## GIVEN INFORMATION
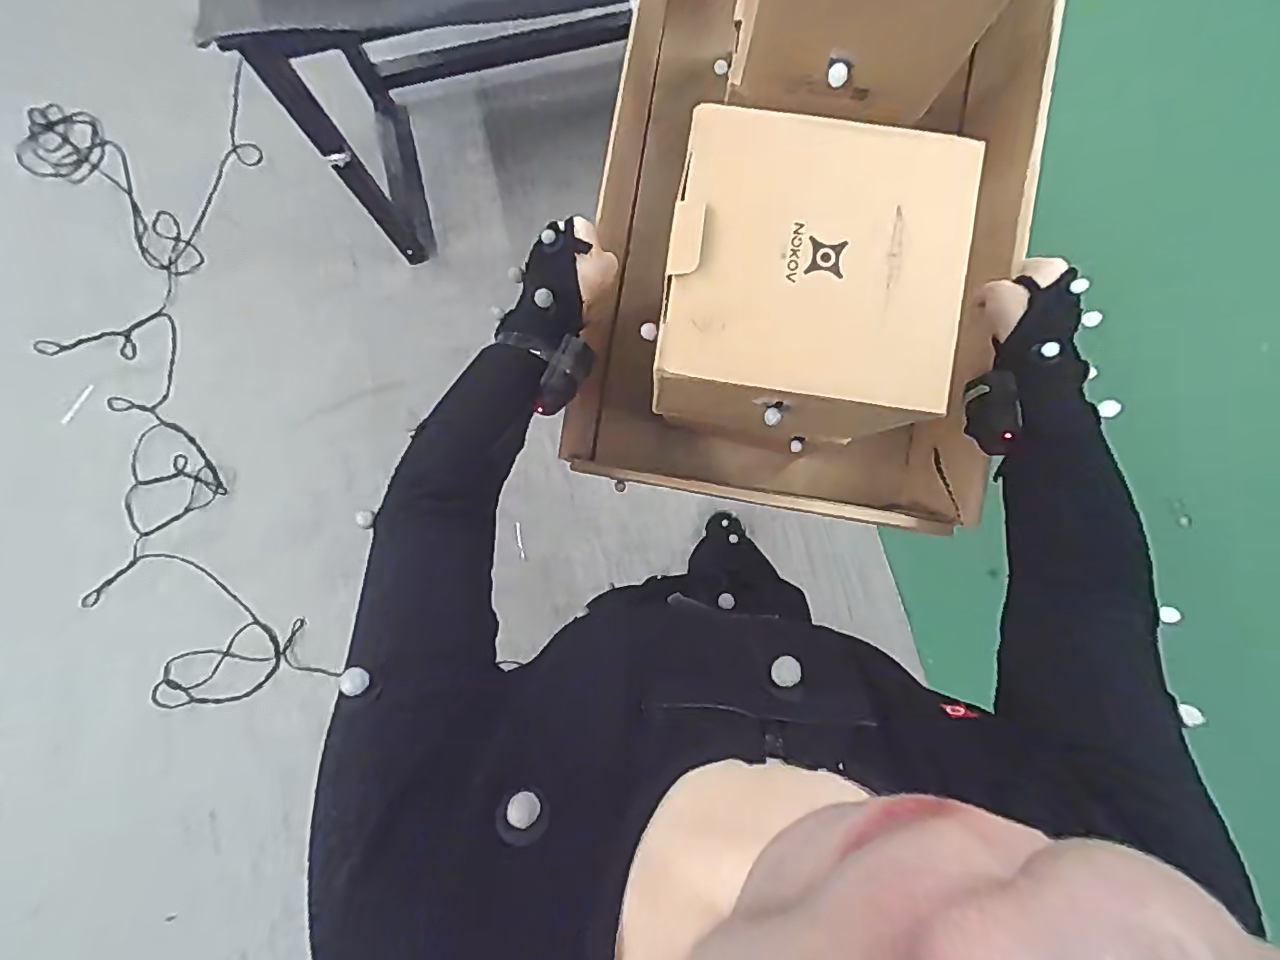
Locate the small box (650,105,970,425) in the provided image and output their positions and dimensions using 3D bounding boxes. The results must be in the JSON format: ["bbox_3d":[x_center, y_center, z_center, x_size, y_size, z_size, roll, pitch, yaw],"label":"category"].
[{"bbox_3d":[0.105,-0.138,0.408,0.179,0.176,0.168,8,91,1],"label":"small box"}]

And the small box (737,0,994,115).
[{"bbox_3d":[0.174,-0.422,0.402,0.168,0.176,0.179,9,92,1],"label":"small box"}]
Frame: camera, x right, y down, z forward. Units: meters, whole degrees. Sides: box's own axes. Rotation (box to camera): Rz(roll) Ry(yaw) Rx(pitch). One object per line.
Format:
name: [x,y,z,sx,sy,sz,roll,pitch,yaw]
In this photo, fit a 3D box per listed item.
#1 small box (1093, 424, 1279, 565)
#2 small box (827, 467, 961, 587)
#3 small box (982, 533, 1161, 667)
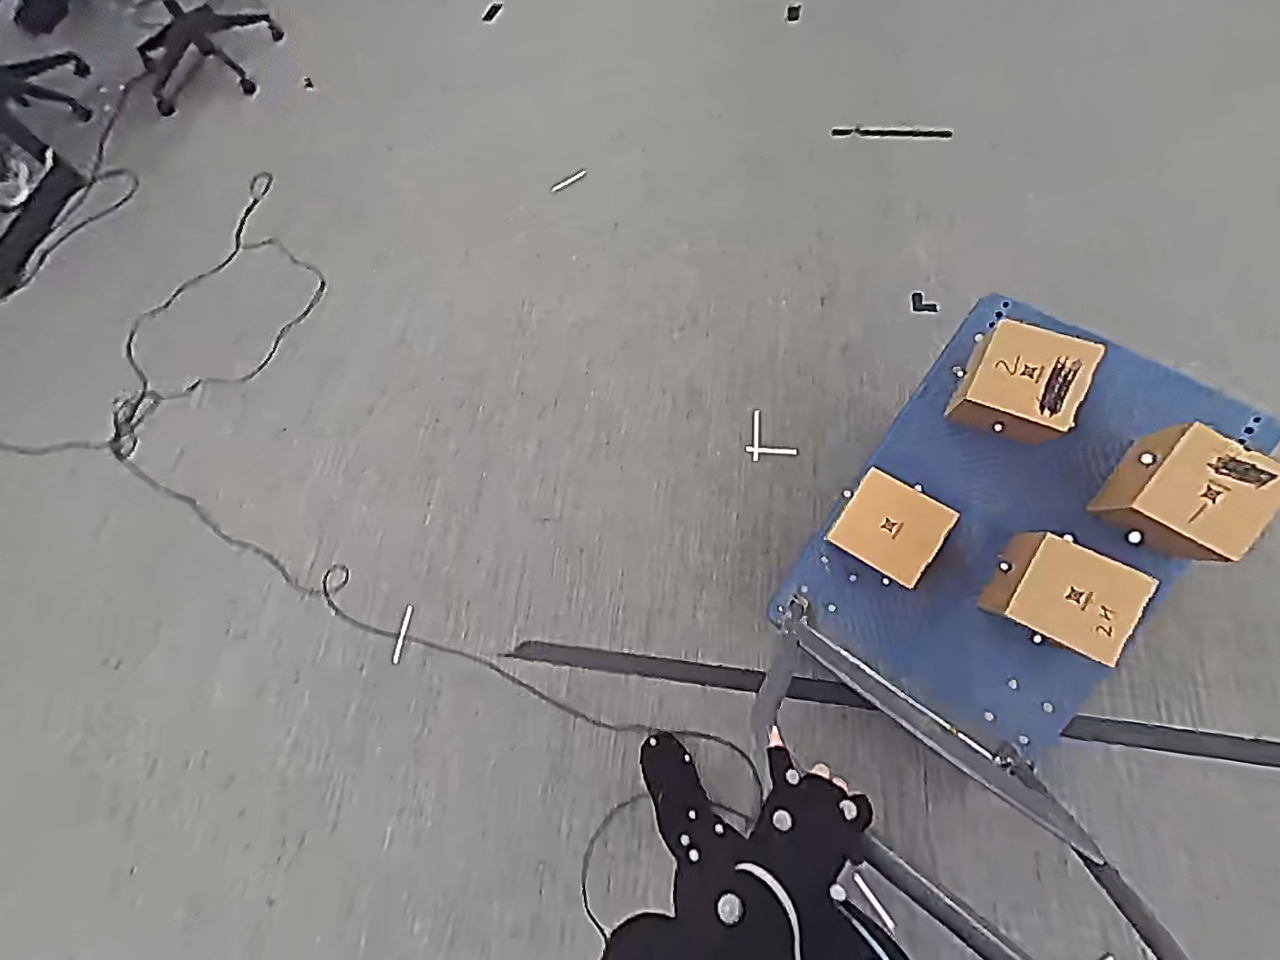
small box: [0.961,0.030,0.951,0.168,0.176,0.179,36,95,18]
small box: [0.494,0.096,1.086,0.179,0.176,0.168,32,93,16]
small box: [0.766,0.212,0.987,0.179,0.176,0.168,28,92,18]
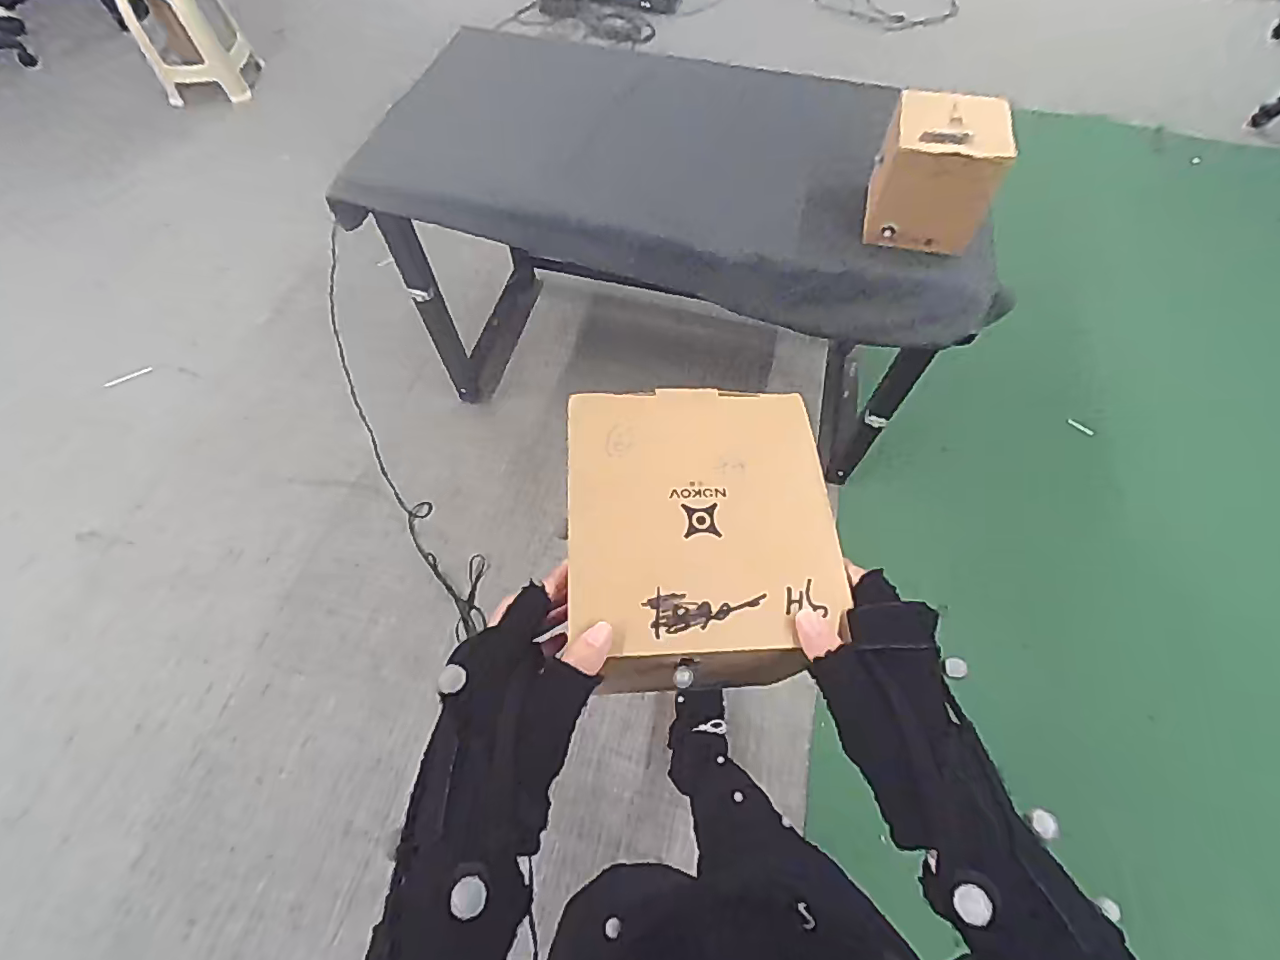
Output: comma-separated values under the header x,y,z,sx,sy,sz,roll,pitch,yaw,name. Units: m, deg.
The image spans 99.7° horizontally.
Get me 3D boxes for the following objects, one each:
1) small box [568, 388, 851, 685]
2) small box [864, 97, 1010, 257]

## EXERCISE AIM
Print only the lines from the line that contains "In this photo, fit a 3D box per listed item." to the final line of the data, inclusive. Pictures stay out.

## SOLUTION TO THIS TASK
In this photo, fit a 3D box per listed item.
#1 small box (1093, 424, 1279, 565)
#2 small box (827, 467, 961, 587)
#3 small box (982, 533, 1161, 667)
small box: [0.961,0.030,0.951,0.168,0.176,0.179,36,95,18]
small box: [0.494,0.096,1.086,0.179,0.176,0.168,32,93,16]
small box: [0.766,0.212,0.987,0.179,0.176,0.168,28,92,18]
Output: comma-separated values under the header x,y,z,sx,sy,sz,roll,pitch,yaw,name. Units: m, deg.
The image spans 99.7° horizontally.
Get me 3D boxes for the following objects, one each:
1) small box [568, 388, 851, 685]
2) small box [864, 97, 1010, 257]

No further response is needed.